Acinetobacter baumannii en culture sur gélose chocolat. © CNRS Photothèque / Pierre-Edouard Fournier.

Si toutes les bactéries pathogènes peuvent éventuellement devenir porteuses de résistances aux antibiotiques, A. baumannii se caractérise par la vitesse à laquelle elle les accumule. En une trentaine d'années, A. baumannii est passée d'une susceptibilité à la plupart des antibactériens à une résistance quasi-totale. La comparaison du génome (d'environ 4 millions de nucléotides) d'une souche multi-résistante à celui d'une souche restée sensible (associée au pou humain) a révélé la plus grande concentration de gènes de résistance (appelé « îlot de résistance ») jamais découverte : 45 gènes ramassés sur un segment du génome de 86 000 nucléotides, curieusement insérés au milieu d'un gène préexistant. D'une manière surprenante, le même gène est interrompu dans la souche restée susceptible aux antibiotiques, mais « l'îlot » qui s'y trouve inséré est dénué de tout gène de résistance. Le basculement de cette étonnante structure génomique (sorte d'étagère à résistances) d'une forme vide à une forme « pleine » est probablement à l'origine de l'accumulation rapide de résistances multiples chez A. baumannii. Cette hypothèse devra être confirmée par l'analyse du génome d'autres souches multi-résistantes en provenance de toute l'Europe. Un projet européen (6e PCRDT) a été soumis dans ce but.

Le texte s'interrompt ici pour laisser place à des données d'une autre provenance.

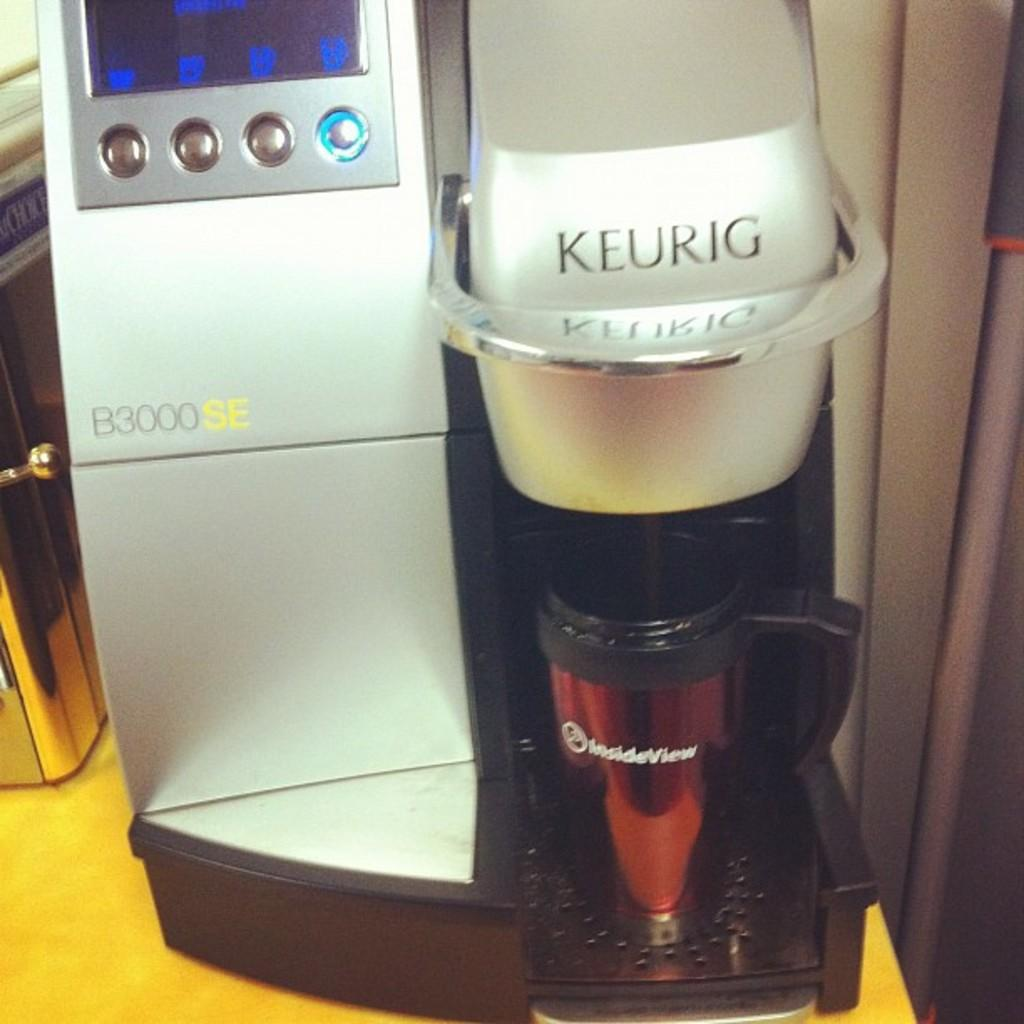<image>
Write a terse but informative summary of the picture. a Keurig B3000SE coffee maker with a mug receiving coffee 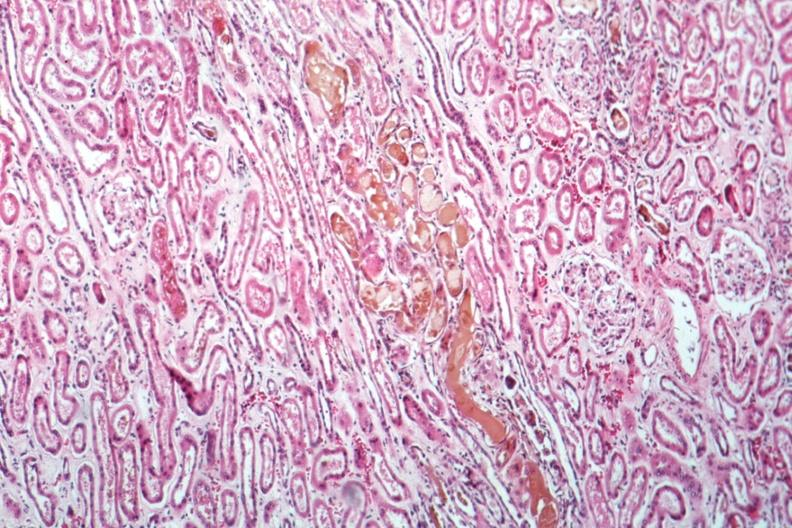what is present?
Answer the question using a single word or phrase. Acute tubular necrosis 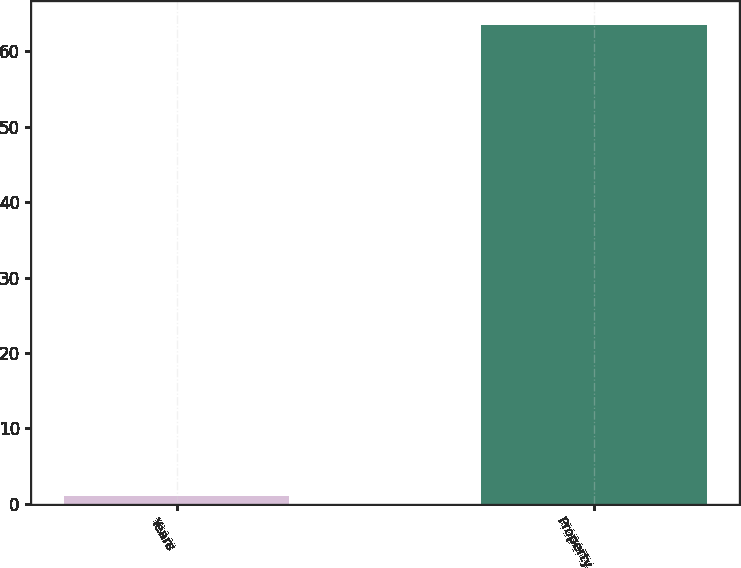<chart> <loc_0><loc_0><loc_500><loc_500><bar_chart><fcel>Years<fcel>Property<nl><fcel>1<fcel>63.5<nl></chart> 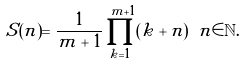Convert formula to latex. <formula><loc_0><loc_0><loc_500><loc_500>S ( n ) = \frac { 1 } { m + 1 } \prod _ { k = 1 } ^ { m + 1 } ( k + n ) \ n \in \mathbb { N } .</formula> 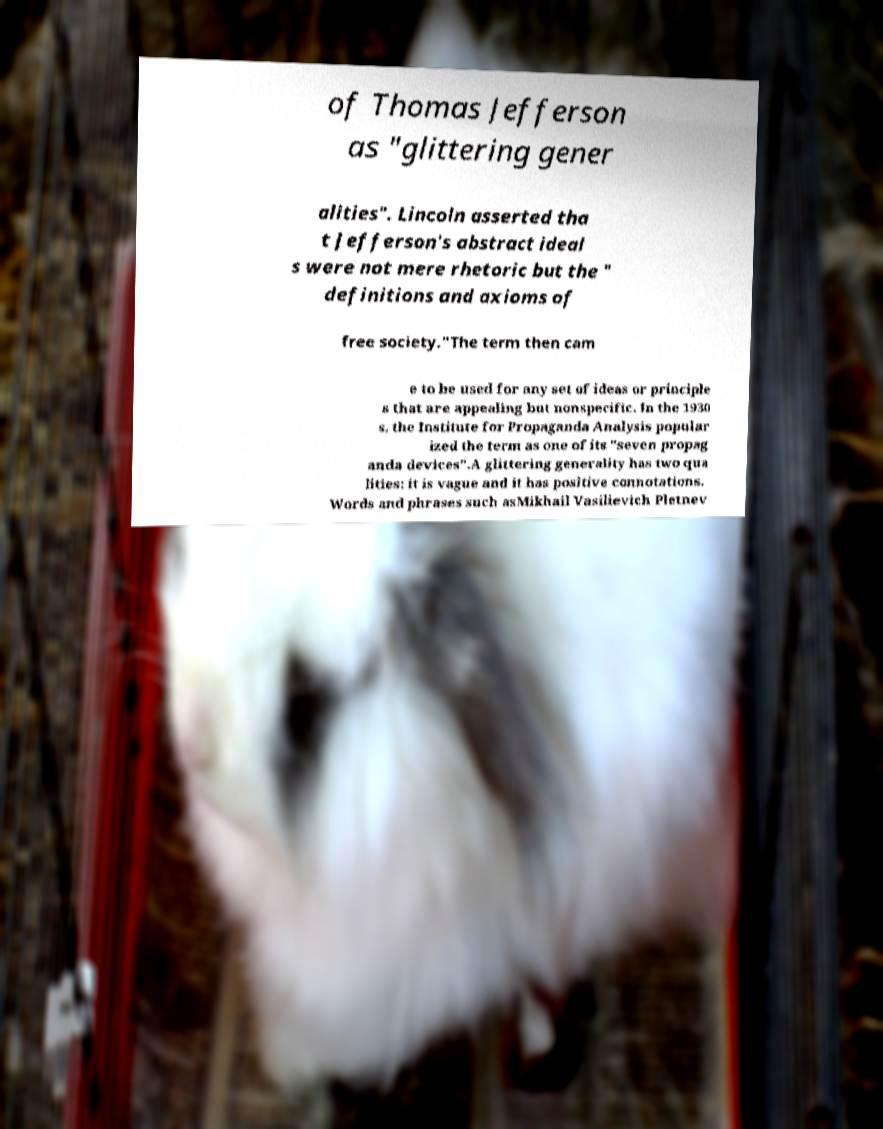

Ces travaux montrent que le séquençage génomique devient un moyen rapide et efficace pour caractériser des pathogènes émergents et identifier en une fois l'ensemble de leurs gènes de résistance. Ils pourront servir à accélérer le diagnostic des infections nosocomiales et à en affiner le traitement.

Notes :
(1) Les laboratoires impliqués : Information génomique et structurale (CNRS, Marseille), Unité des Rickettsies (CNRS, Université de la Méditerranée, Marseille), Génoscope (CNRS, Evry), Département de Bactériologie-Virologie (Hôpital de Bicêtre, Le-Kremlin-Bicêtre)

Références :
Comparative genomics of multi-drug resistance in Acinetobacter baumannii. Fournier PE, Vallenet D, Barbe V, Audic S, Ogata H, et al. (2006). PLoS Genet 2(1): e7.